Input for this task Start Marker

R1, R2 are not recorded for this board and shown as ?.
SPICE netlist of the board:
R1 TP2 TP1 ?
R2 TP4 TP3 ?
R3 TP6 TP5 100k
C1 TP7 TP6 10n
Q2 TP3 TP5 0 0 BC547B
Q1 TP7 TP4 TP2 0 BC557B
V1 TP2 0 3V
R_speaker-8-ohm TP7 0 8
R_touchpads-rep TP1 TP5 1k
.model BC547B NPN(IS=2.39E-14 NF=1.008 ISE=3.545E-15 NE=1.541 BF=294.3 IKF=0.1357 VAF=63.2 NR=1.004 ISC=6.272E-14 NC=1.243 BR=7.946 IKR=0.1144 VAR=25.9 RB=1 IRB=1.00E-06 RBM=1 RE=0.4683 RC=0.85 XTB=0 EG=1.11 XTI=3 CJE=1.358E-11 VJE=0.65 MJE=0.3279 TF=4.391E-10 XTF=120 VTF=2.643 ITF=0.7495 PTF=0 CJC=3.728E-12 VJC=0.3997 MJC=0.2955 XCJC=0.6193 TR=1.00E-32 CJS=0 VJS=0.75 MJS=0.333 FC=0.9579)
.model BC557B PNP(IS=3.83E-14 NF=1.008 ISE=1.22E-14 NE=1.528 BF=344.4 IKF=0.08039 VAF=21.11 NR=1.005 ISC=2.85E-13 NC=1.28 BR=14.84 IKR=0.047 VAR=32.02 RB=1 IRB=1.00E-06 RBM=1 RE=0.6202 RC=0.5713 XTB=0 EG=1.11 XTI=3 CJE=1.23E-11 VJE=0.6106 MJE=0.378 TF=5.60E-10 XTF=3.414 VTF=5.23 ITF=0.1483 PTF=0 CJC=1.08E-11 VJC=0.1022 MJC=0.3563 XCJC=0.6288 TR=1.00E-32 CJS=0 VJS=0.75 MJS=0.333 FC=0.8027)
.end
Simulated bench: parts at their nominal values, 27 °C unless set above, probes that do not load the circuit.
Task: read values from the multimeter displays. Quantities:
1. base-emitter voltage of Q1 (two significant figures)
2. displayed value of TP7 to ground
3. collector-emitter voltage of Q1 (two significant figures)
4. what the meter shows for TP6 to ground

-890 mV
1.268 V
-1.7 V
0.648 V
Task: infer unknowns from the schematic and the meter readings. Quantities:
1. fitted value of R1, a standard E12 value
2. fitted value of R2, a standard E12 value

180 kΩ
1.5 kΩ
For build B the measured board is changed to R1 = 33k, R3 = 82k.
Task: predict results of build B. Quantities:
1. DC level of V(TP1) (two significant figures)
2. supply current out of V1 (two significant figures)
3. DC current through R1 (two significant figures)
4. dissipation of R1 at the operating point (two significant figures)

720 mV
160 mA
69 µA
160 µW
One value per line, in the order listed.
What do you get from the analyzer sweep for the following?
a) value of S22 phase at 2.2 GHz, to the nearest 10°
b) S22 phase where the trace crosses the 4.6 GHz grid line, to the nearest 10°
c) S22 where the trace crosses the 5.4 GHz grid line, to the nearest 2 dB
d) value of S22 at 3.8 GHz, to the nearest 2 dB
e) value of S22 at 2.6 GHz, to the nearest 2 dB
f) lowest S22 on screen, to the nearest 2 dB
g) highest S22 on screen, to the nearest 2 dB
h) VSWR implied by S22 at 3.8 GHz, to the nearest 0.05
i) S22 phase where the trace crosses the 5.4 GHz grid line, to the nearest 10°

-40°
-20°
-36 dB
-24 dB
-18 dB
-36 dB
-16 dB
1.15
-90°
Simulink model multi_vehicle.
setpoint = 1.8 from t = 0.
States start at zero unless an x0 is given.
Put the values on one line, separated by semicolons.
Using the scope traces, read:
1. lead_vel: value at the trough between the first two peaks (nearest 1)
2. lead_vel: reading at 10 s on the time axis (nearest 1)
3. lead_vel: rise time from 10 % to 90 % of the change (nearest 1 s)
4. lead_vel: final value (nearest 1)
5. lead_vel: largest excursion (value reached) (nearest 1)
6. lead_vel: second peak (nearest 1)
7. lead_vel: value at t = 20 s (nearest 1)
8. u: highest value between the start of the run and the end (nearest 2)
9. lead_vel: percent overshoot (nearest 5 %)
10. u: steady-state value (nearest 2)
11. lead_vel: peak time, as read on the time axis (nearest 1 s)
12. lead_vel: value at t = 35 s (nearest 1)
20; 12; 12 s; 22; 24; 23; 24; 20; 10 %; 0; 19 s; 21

Input for this task End Marker
Input for this task Start Marker

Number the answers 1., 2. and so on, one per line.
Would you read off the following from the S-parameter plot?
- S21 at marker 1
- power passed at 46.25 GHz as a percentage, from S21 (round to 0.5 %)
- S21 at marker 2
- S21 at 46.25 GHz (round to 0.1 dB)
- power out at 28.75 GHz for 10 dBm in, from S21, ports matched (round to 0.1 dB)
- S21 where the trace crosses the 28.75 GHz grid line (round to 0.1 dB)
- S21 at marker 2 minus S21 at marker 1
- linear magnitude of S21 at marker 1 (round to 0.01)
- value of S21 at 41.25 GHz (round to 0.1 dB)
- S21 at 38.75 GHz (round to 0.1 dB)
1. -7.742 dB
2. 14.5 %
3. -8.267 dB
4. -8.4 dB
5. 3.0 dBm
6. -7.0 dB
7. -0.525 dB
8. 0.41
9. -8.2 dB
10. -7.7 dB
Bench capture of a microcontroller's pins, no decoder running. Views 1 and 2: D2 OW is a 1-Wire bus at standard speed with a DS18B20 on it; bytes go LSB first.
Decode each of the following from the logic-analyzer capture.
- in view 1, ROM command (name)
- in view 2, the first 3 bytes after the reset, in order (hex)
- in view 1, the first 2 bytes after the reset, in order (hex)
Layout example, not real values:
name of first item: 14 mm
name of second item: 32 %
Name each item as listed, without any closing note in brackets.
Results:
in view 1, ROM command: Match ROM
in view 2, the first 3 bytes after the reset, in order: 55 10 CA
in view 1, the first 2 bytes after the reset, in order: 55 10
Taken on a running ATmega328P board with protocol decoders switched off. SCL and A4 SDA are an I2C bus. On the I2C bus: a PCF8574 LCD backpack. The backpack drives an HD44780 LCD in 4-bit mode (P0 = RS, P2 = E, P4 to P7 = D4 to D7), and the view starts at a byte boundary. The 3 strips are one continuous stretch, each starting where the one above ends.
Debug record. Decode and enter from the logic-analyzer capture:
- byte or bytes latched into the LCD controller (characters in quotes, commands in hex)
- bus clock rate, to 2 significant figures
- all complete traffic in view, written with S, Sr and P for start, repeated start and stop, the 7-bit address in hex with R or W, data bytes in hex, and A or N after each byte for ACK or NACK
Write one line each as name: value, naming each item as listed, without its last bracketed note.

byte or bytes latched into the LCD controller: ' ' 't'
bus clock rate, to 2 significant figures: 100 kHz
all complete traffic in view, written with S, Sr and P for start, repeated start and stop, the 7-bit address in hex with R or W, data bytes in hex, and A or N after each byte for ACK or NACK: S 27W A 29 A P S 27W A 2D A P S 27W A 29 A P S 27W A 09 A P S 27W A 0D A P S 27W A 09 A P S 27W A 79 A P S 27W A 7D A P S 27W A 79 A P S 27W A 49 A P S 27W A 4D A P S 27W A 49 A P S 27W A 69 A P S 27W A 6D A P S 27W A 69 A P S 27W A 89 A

Input for this task End Marker

Directions: Scan the records above. Return every line with "Quantities" in it.

Response to the exercise:
Task: read values from the multimeter displays. Quantities:
Task: infer unknowns from the schematic and the meter readings. Quantities:
Task: predict results of build B. Quantities:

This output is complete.